In my position – and perhaps the Commissioner responsible was herself once a Member of this House in a past life – and in this situation, one asks oneself what would happen in a business if the management presented figures like these one year. Here, we are always coming up against the fact that people say we are among the best administrations. We are striving to be that. I think that what would happen would be something quite different from what the Commission expects from us as an action plan.
The actual point of my report is that I believe we should just consider where this road might take us. Mrs Theato has already mentioned one possibility, and an important one at that, which we will not be able to avoid if we want to make changes. We must address the issue of a European State Prosecutor, and do it without excuses about amendments to the Treaty. The possibilities are already there in the Treaties. Your opposition to it, Mrs Schreyer, is your own business, but we will not carry on standing idly before our taxpayers and tell them that we just cannot do anything. That is not what we have a Commission for. The Commission is there to act, and of that I would remind you, Mrs Schreyer.

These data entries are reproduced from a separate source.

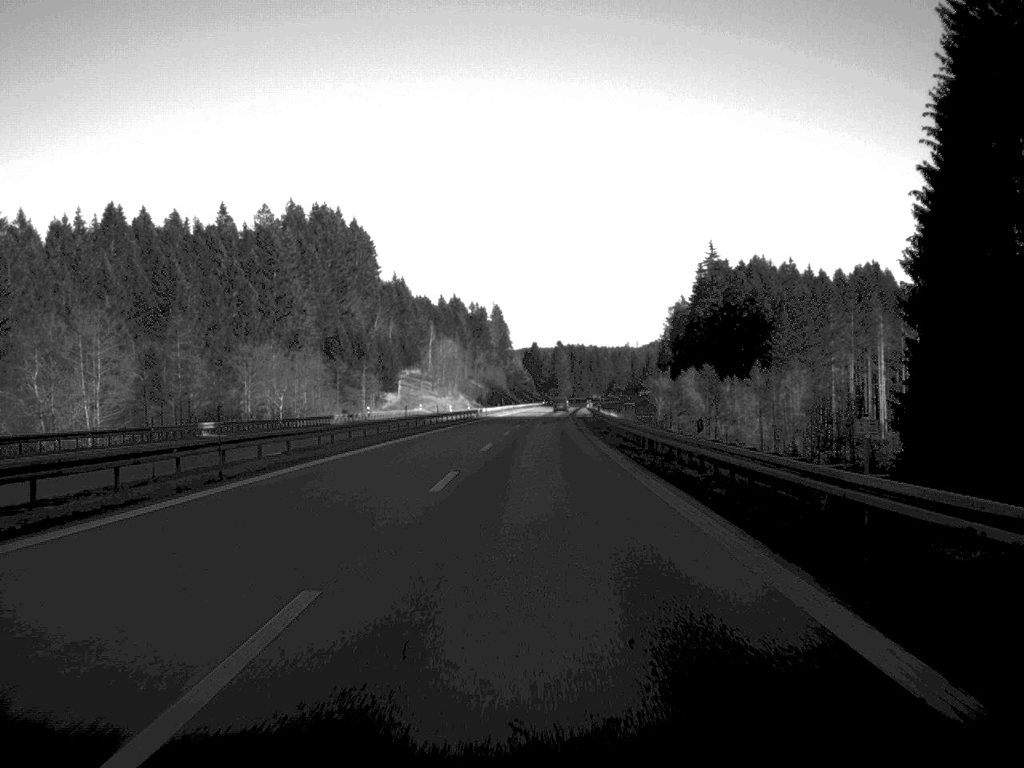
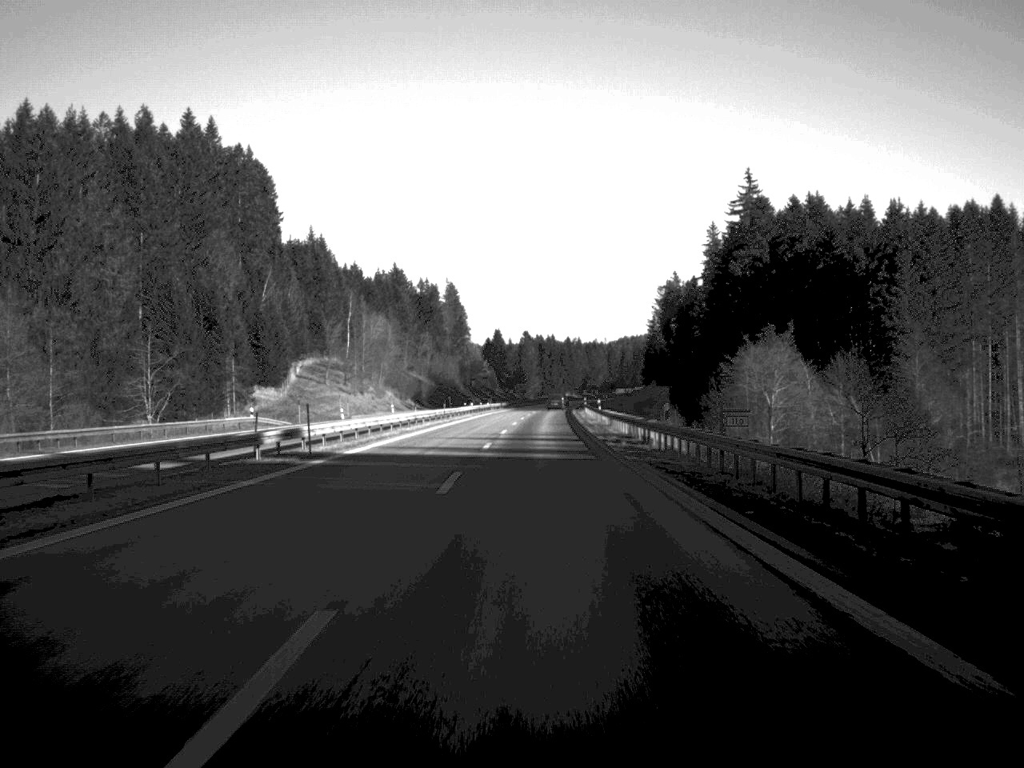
(+1.3, +89.3) m; +2°
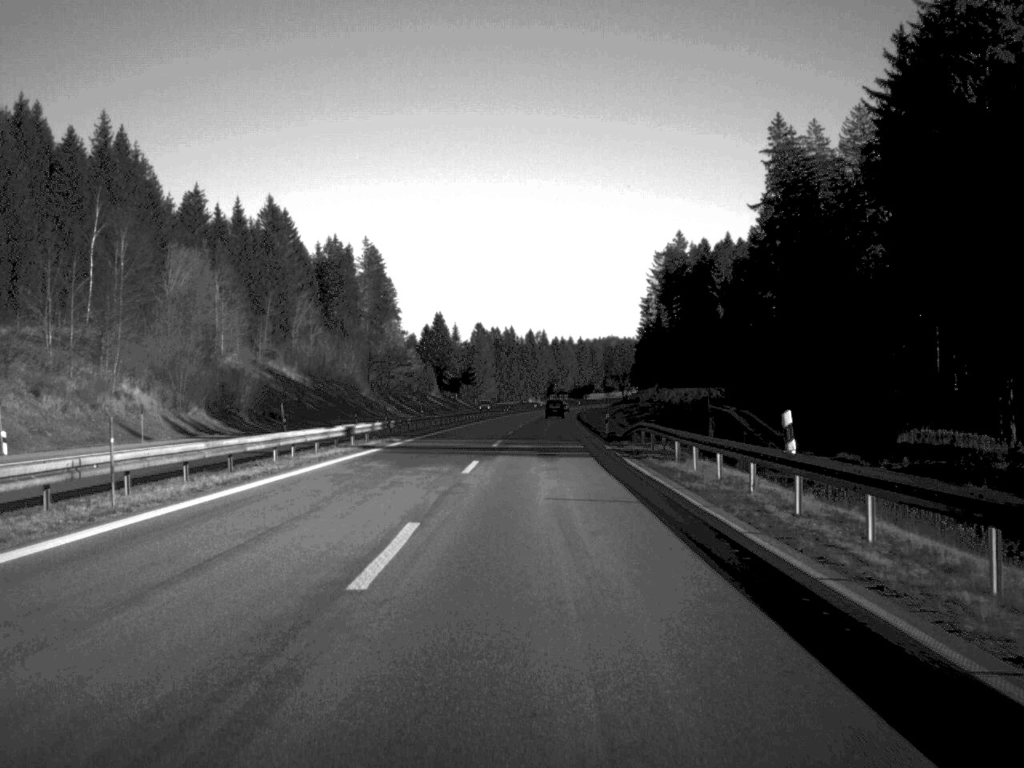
(+1.8, +116.8) m; +2°
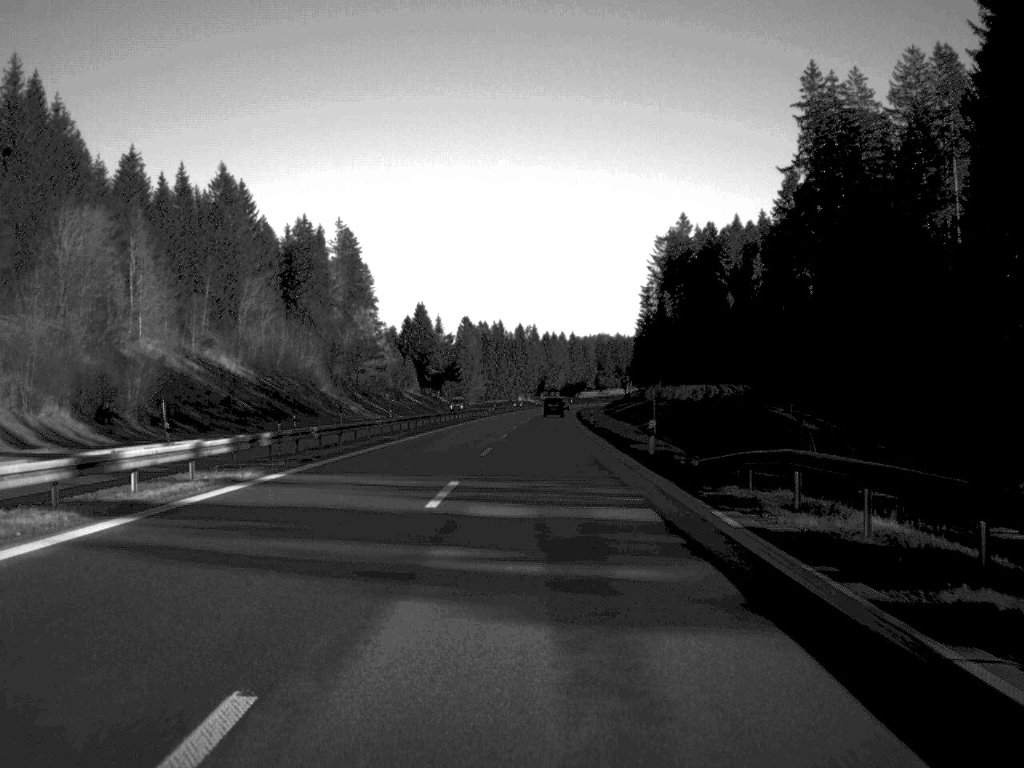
(+0.1, +27.5) m; 0°
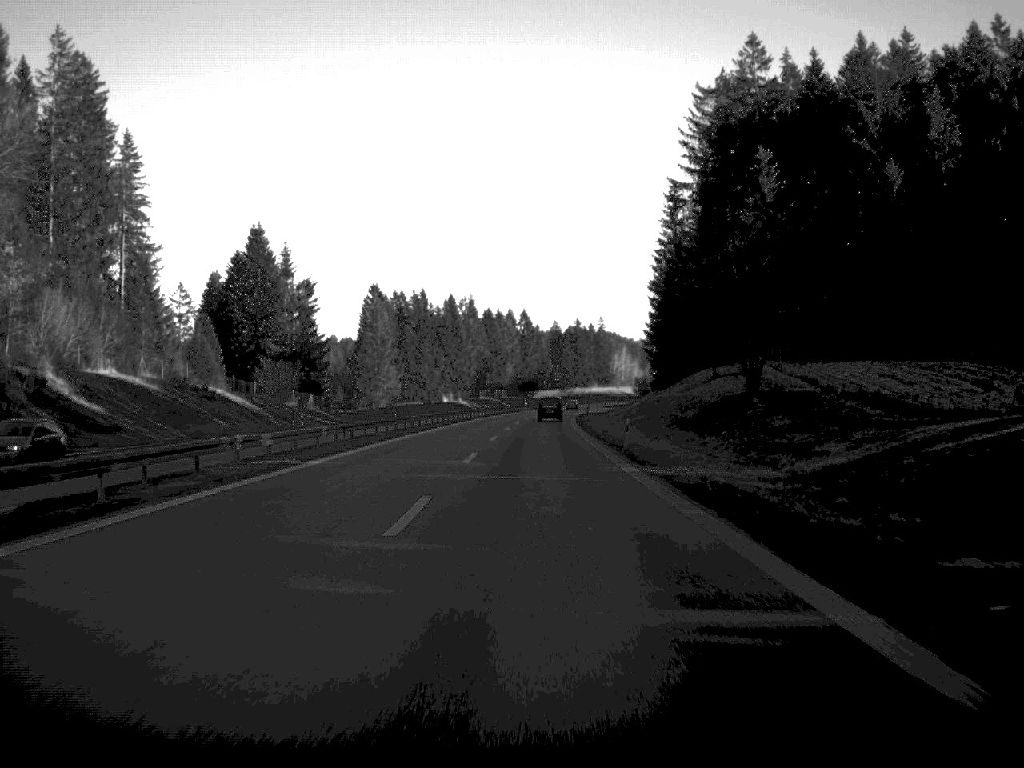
(+3.1, +145.3) m; +2°
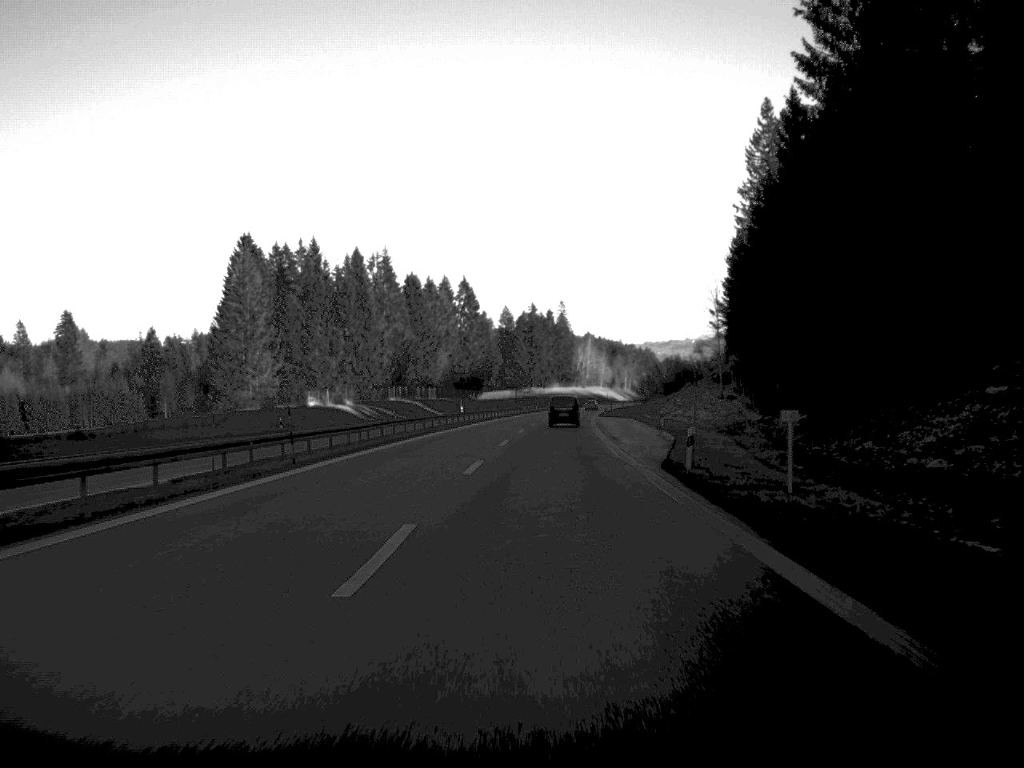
(+1.9, +111.1) m; +2°
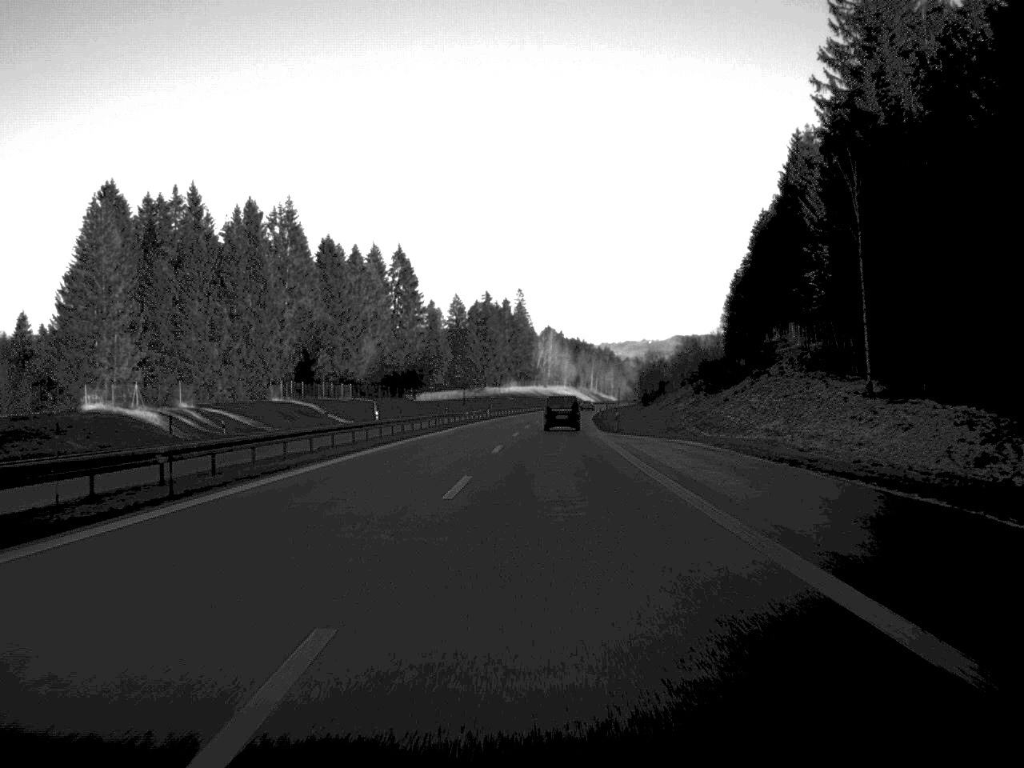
(+1.0, +60.1) m; +2°

In exactly the same way, we must give greater priority to the protection of the EU's financial interests in the applicant countries. There were, and are, proposals on this which amount to saying that we will, at some point, have to let our anti-fraud unit be active in an advisory capacity, which we know already. As the example of Slovakia has shown, the point at issue is not the acceding countries, but the continuing inability of this Commission to get a proper grip on the problematic aspects of enlargement, so that our fellow citizens might get the idea that enlargement has been prepared for in such a way, including financially, that they can happily say yes to it. The Commission bears great responsibility in this respect. Madam Commissioner, I am inclined to think that, when one has to submit those sorts of figures and turn them into something tangible, one has to seize every available opportunity to improve matters.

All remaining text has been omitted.